また、志望校別に特化した対策講座が用意されていることも多く、過去問演習や最新の入試情報に基づいた対策を万全に行うことが可能になります。
夏期講習や冬期講習、直前講習など、長期休暇中や受験直前の重要な時期に合わせて、短期集中で弱点を補強したり、得点力をさらに伸ばしたりするための特別講座が豊富に準備されている点も大きな魅力です。
2. 勉強に集中できる
予備校は、生徒が学習に専念できる環境を提供してくれる場所です。多くの予備校では、無料の過去問貸し出しサービスがあったり、自由に使用できる自習室が設置されていたりします。

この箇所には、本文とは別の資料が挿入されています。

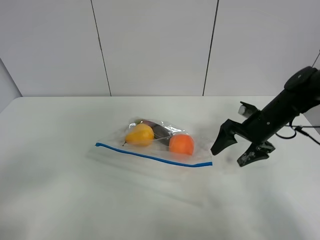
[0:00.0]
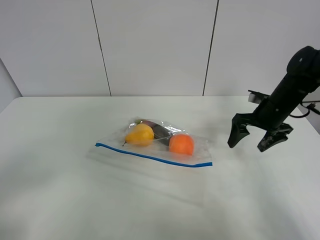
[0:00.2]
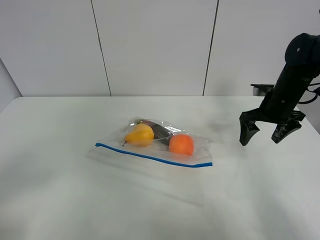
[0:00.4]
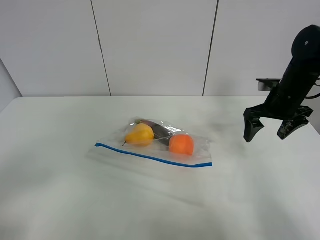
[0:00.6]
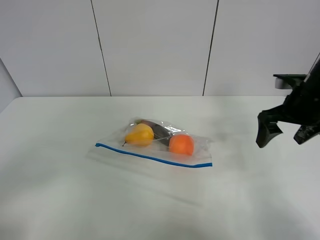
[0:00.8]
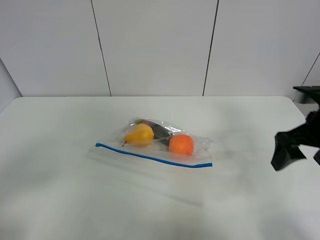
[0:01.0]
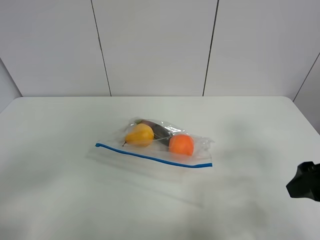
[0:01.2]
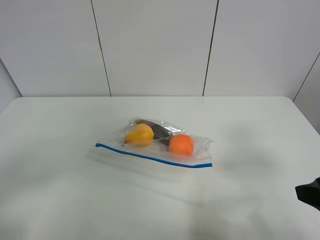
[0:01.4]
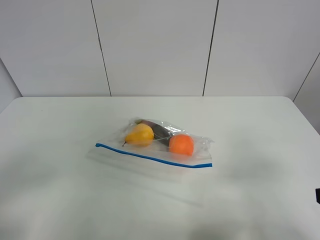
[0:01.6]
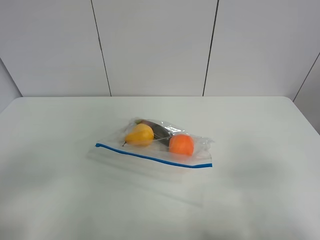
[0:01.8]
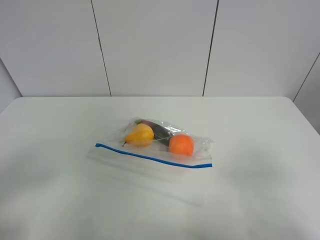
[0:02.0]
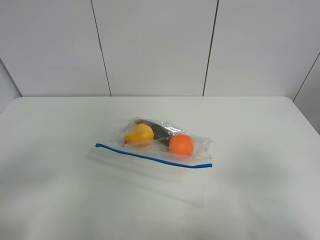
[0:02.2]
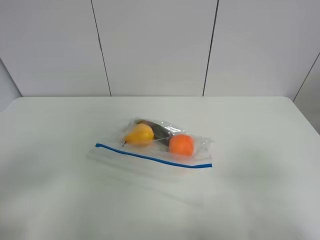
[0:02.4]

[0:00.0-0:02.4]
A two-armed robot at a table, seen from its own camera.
0:00.0 to 0:01.2: The right gripper shifts approximately 25 cm backward and upward.
0:01.2 to 0:02.4: The right gripper travels backward by roughly 15 cm.

自宅では集中力が続かない、誘惑が多いという受験生にとって、この自習室の存在は大きなメリットとなります。
また、周りには同じように大学受験を目指す仲間たちが集まっています。互いに切磋琢磨し合えるライバルの存在は、モチベーションを高く維持する上で非常に重要です。

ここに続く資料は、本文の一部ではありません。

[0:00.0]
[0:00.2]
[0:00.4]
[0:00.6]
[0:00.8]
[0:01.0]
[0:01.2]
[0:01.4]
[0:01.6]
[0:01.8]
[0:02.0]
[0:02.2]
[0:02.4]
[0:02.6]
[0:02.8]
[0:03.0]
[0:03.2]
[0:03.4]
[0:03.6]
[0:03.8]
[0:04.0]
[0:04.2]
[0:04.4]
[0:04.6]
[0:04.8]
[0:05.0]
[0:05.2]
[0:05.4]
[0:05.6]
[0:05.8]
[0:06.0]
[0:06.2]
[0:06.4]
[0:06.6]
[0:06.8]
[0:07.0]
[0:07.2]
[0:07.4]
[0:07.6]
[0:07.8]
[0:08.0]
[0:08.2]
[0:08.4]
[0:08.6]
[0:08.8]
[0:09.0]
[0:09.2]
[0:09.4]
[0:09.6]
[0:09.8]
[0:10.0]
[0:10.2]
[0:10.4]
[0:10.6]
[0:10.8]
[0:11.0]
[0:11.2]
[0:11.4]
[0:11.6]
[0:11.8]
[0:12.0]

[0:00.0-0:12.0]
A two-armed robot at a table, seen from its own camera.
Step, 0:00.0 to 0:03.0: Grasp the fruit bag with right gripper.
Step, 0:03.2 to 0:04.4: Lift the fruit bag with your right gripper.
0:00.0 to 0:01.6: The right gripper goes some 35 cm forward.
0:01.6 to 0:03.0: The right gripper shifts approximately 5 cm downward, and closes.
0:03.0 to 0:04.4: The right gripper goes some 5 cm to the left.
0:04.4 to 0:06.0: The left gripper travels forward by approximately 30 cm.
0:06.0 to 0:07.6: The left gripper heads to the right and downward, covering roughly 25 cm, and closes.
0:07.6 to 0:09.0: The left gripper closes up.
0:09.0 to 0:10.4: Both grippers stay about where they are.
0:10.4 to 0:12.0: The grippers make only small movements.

志望校が同じ友人を見つけることができれば、情報交換や一緒に課題に取り組むことで、一人で勉強するよりもはるかに効率的に学習を進めることができるかもしれません。
3. 最新の大学入試情報が豊富にある
複雑化する大学入試制度に対応するため、予備校は常に最新の情報を収集・分析しています。たとえば、総合型選抜や学校推薦型選抜といった複雑な入試制度の対策、学部ごとの合格最低点や合格ライン 、さらには各大学の入試変更点や新設学部の情報など、受験生が知りたい情報を網羅的に提供してくれます。
学校の進路指導だけでは得られないような、詳細で専門的な情報を提供してくれるのは大きなメリットです。
4. 専門家による進路指導のサポート
予備校によっては、受験コンサルタントと呼ばれる専門のスタッフが在籍していることがあります。これらの専門家は、単に学習面だけでなく、志望校の選定や入試方式の決定、さらには受験戦略全体について個別のアドバイスをしてくれるのが特徴です。

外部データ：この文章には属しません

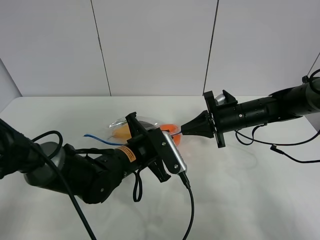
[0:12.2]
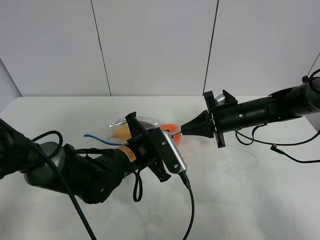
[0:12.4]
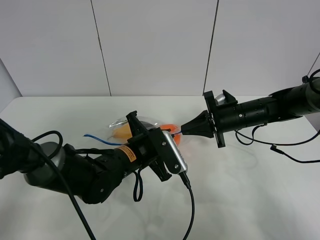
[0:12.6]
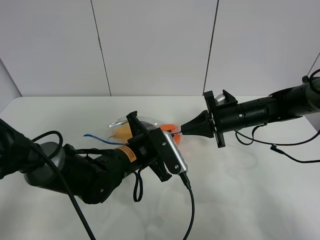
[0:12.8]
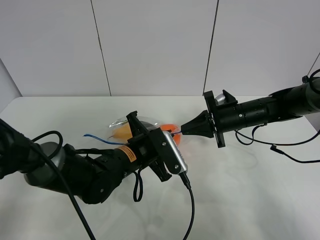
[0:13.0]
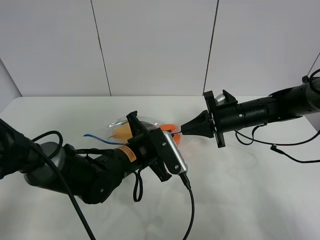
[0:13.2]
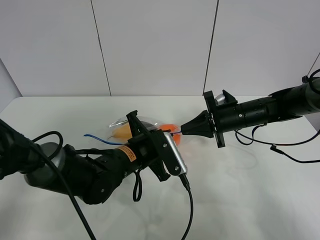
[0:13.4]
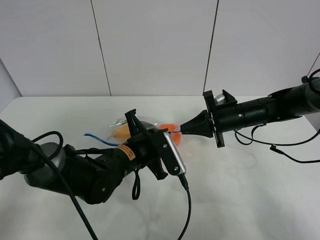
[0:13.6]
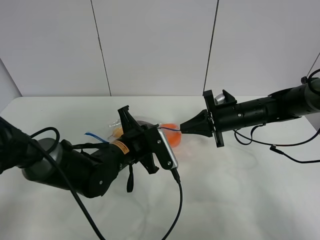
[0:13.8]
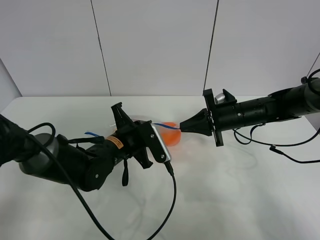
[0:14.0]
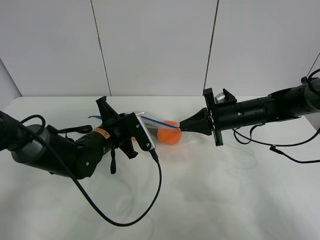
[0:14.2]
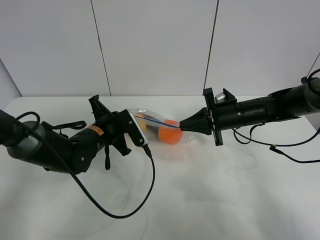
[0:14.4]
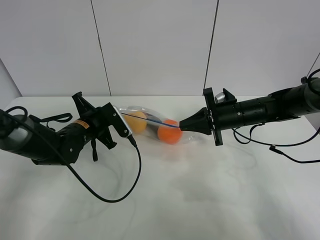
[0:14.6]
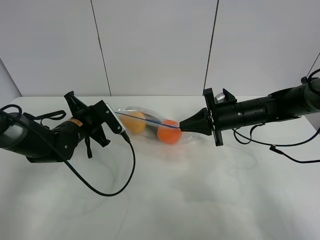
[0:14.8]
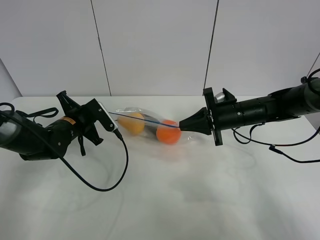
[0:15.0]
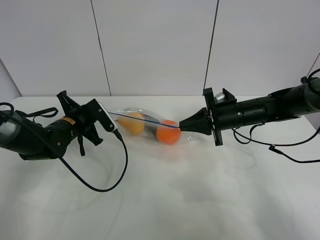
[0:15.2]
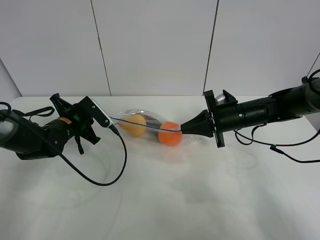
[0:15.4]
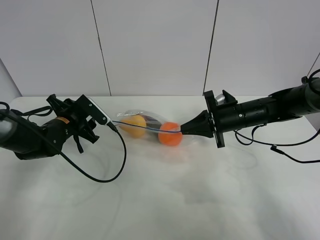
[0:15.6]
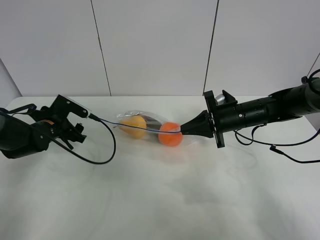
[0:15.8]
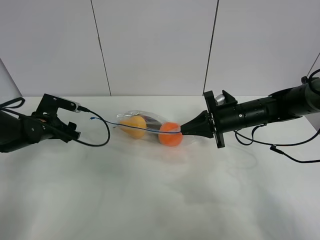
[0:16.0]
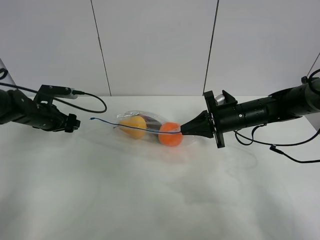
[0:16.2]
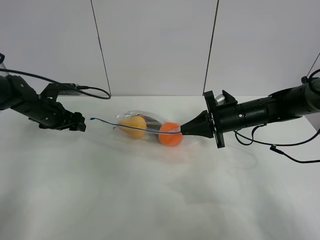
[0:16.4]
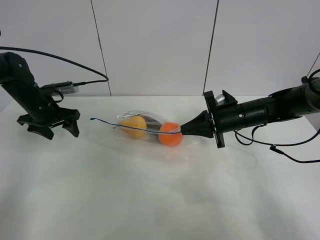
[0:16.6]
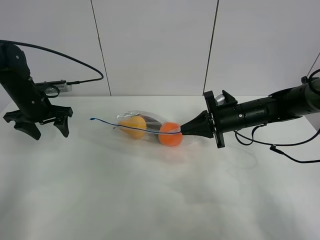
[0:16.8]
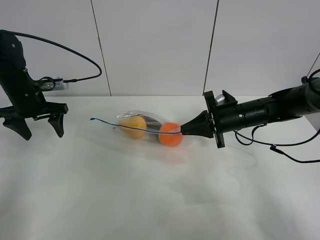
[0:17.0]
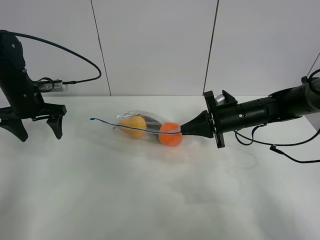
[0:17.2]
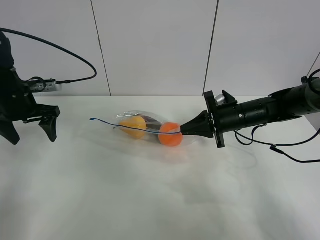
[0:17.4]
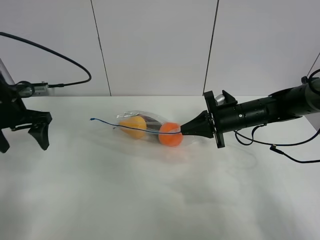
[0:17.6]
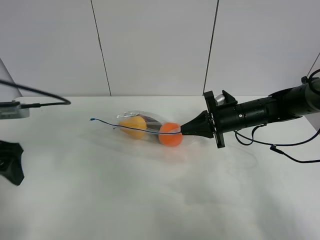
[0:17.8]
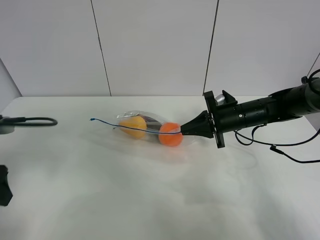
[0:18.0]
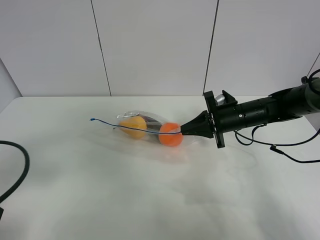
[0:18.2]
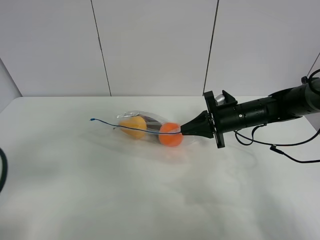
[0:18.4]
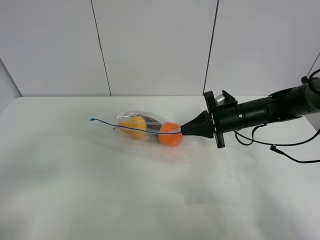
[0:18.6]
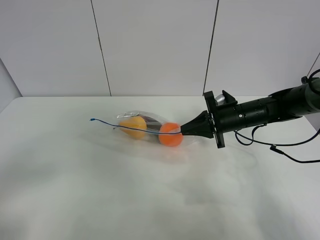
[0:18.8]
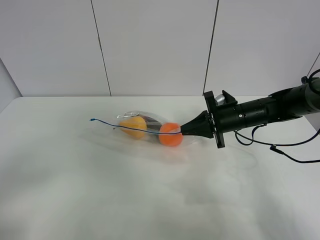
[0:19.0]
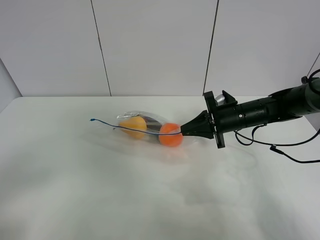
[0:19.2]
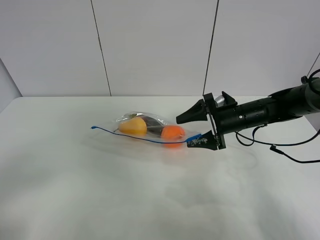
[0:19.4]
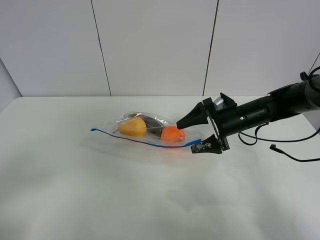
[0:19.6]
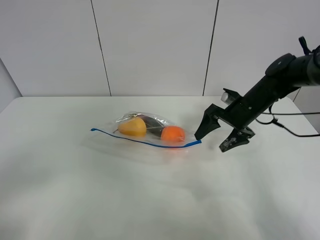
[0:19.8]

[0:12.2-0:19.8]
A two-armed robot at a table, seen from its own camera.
Step, 0:12.2 to 0:15.6: Pull the fruit bag with left gripper.
0:12.2 to 0:13.8: There are only small adjustments of the grippers.
0:13.8 to 0:15.2: The left gripper heads to the left and forward, covering approximately 15 cm.
0:15.2 to 0:16.8: The left gripper moves to the left and upward, some 10 cm, and opens.
0:16.8 to 0:18.2: The left gripper shifts some 30 cm backward.
0:18.2 to 0:19.8: The left gripper shifts roughly 10 cm backward, while the right gripper opens its fingers.

「どの入試方式で受験するべきか?」「選択科目はどうするか?」といった、複雑な入試制度に関する疑問や不安を解消できるでしょう。また、志望校がまだ明確に決まっていない場合でも、自分の興味や適性に合わせて学部や大学を絞り込む手助けをしてくれます。
塾を選ぶメリット

予備校とは異なる特徴を持つ塾にも、独自のメリットがあります。
1. 個別指導が可能
塾の最大の魅力は、先生と生徒がマンツーマンで指導を受けられる個別指導の形式があることです。自分の学力や苦手分野に合わせたオーダーメイドのカリキュラムを組んでもらえるため、基礎学力の定着や苦手科目の克服を効率的に進めることができます。
分からないことがあればその場ですぐに質問できるため、疑問点を持ち越すことがなく、着実に理解を深めることが可能です。
2. 柔軟なスケジュール調整が可能
多くの塾では、生徒の都合に合わせて授業の日時を調整することができます。特に部活動や課外活動が忙しい現役高校生にとって、この柔軟なスケジュールは大きなメリットです。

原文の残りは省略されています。